━━━ RECORDS PROVIDED

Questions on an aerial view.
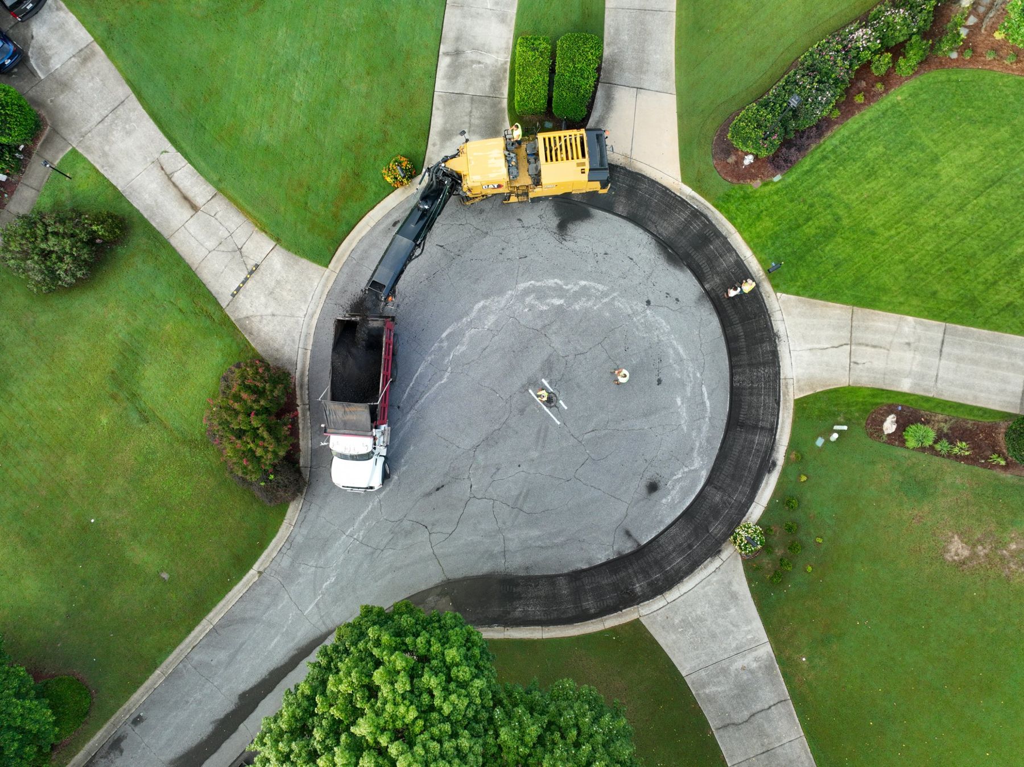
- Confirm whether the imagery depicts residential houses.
No
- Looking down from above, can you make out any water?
No
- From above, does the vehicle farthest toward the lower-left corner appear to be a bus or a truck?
truck
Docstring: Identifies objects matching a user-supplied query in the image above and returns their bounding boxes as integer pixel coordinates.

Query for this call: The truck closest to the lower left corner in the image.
[321,316,396,495]
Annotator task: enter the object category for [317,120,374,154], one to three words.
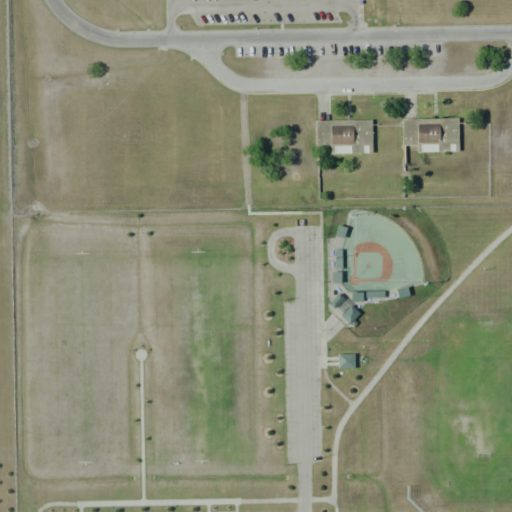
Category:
house
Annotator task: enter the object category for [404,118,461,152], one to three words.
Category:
house
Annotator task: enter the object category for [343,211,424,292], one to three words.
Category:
baseball field
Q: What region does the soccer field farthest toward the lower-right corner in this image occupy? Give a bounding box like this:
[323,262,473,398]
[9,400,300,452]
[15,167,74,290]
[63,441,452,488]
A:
[448,322,512,455]
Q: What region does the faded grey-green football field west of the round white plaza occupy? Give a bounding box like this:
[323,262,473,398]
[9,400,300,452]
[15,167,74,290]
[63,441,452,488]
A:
[36,240,128,469]
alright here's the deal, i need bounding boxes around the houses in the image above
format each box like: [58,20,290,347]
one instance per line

━━━━━━

- ASSIGNED TASK:
Lines that hold "enter" are the ones to copy, so pick each out from the data.

- PROBLEM SOLUTION:
Annotator task: enter the object category for [317,120,374,154], one to three words.
Annotator task: enter the object category for [404,118,461,152], one to three words.
Annotator task: enter the object category for [343,211,424,292], one to three words.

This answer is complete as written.